───── RAW DATA

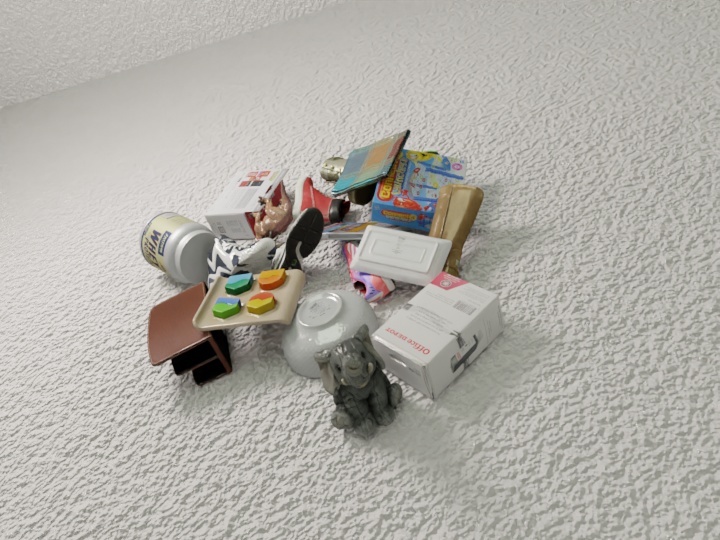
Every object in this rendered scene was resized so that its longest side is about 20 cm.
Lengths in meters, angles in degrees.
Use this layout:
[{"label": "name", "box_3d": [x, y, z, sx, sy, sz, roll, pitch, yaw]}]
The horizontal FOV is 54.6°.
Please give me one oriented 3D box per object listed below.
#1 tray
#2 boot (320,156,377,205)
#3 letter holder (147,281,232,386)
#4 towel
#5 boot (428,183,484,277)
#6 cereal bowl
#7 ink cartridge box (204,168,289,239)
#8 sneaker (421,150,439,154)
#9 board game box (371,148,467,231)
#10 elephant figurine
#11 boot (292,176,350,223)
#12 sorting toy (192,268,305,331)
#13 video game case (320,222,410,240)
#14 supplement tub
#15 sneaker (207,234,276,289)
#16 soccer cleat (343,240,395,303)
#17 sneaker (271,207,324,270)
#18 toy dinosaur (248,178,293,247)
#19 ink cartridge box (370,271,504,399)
[{"label": "tray", "box_3d": [0.077, -0.035, 1.394, 0.196, 0.022, 0.109, 12, 65, 28]}, {"label": "boot", "box_3d": [-0.034, -0.228, 1.746, 0.151, 0.074, 0.201, 11, 33, 18]}, {"label": "letter holder", "box_3d": [-0.356, 0.142, 1.439, 0.139, 0.102, 0.201, -25, 35, -2]}, {"label": "towel", "box_3d": [0.021, -0.248, 1.609, 0.198, 0.022, 0.149, -13, 44, 48]}, {"label": "boot", "box_3d": [0.152, -0.082, 1.444, 0.171, 0.066, 0.204, 11, 69, 21]}, {"label": "cereal bowl", "box_3d": [-0.066, 0.106, 1.350, 0.195, 0.085, 0.202, -14, 37, 10]}, {"label": "ink cartridge box", "box_3d": [-0.281, -0.176, 1.828, 0.172, 0.085, 0.202, -1, 40, 27]}, {"label": "sneaker", "box_3d": [0.142, -0.219, 1.694, 0.083, 0.078, 0.200, 31, 54, 18]}, {"label": "board game box", "box_3d": [0.135, -0.182, 1.571, 0.191, 0.057, 0.203, 10, 49, 5]}, {"label": "elephant figurine", "box_3d": [-0.009, 0.159, 1.146, 0.152, 0.203, 0.142, 8, 43, 34]}, {"label": "boot", "box_3d": [-0.093, -0.177, 1.753, 0.140, 0.074, 0.202, -9, 38, 6]}, {"label": "sorting toy", "box_3d": [-0.220, 0.051, 1.397, 0.194, 0.037, 0.186, -3, 30, 10]}, {"label": "video game case", "box_3d": [0.000, -0.090, 1.576, 0.195, 0.018, 0.142, 1, 14, 28]}, {"label": "supplement tub", "box_3d": [-0.433, -0.054, 1.692, 0.145, 0.147, 0.198, -41, 39, -26]}, {"label": "sneaker", "box_3d": [-0.281, -0.046, 1.585, 0.198, 0.079, 0.132, -39, 59, 29]}, {"label": "soccer cleat", "box_3d": [0.000, 0.000, 1.473, 0.073, 0.069, 0.200, -37, 38, -7]}, {"label": "sneaker", "box_3d": [-0.154, -0.060, 1.550, 0.204, 0.074, 0.115, -64, 30, 12]}, {"label": "toy dinosaur", "box_3d": [-0.203, -0.106, 1.656, 0.202, 0.085, 0.136, -57, 39, 11]}, {"label": "ink cartridge box", "box_3d": [0.138, 0.110, 1.236, 0.199, 0.086, 0.144, -37, 38, -25]}]
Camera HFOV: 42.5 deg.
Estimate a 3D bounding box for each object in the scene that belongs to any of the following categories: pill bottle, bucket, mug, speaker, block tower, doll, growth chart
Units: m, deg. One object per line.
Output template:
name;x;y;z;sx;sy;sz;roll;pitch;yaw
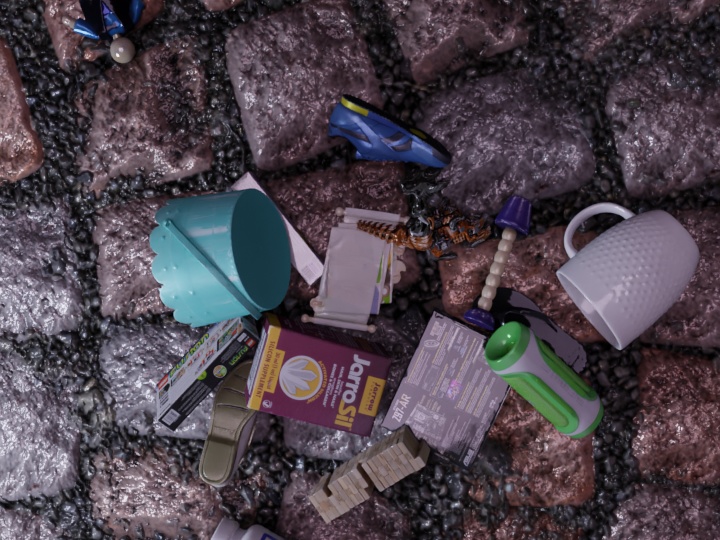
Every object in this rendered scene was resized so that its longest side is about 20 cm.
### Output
pill bottle;-0.149;0.475;1.463;0.197;0.112;0.114;27;97;4
bucket;-0.201;-0.020;1.371;0.132;0.206;0.212;-9;94;24
mug;0.386;-0.016;1.367;0.174;0.148;0.201;-39;59;2
speaker;0.275;0.165;1.380;0.199;0.089;0.089;41;97;-22
block tower;0.013;0.315;1.440;0.198;0.054;0.058;-34;99;21
doll;-0.409;-0.422;1.455;0.134;0.048;0.204;-24;98;-2
growth chart;0.000;0.000;1.440;0.142;0.018;0.204;15;96;-18

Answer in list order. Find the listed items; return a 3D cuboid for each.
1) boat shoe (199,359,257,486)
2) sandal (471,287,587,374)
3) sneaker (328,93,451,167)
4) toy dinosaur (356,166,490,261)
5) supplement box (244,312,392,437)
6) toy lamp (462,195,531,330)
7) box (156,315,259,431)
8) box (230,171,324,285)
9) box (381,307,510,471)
boat shoe;-0.202;0.241;1.474;0.073;0.069;0.204;19;76;9
sandal;0.265;0.091;1.426;0.198;0.043;0.077;31;97;3
sneaker;0.043;-0.195;1.422;0.197;0.066;0.080;26;108;4
toy dinosaur;0.100;-0.077;1.405;0.196;0.102;0.139;-12;113;-24
supplement box;-0.067;0.160;1.413;0.196;0.103;0.134;15;95;-12
toy lamp;0.211;-0.015;1.404;0.057;0.058;0.204;22;82;4
box;-0.242;0.145;1.448;0.035;0.110;0.200;40;99;-25
box;-0.125;-0.066;1.457;0.041;0.039;0.201;-40;90;6
box;0.143;0.185;1.446;0.158;0.044;0.204;25;96;4
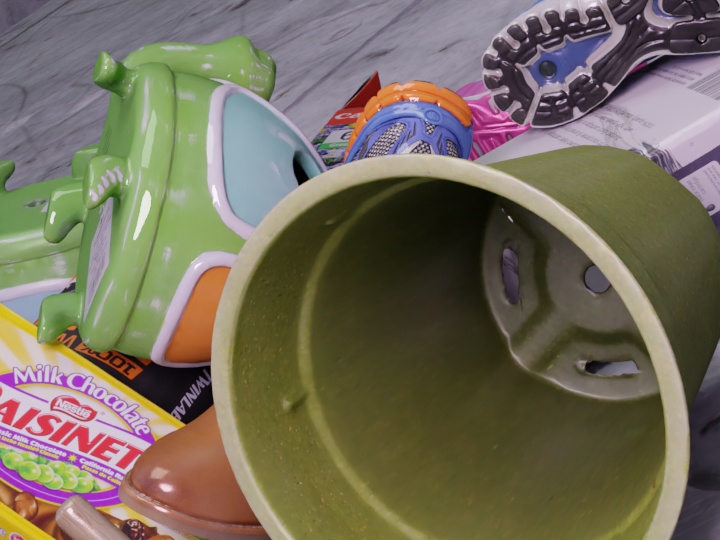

──────────

[WHAT IS NEEDED]:
Across the entries above, tally every line that includes the string "roll", then state only the count.

[RESULT]:
2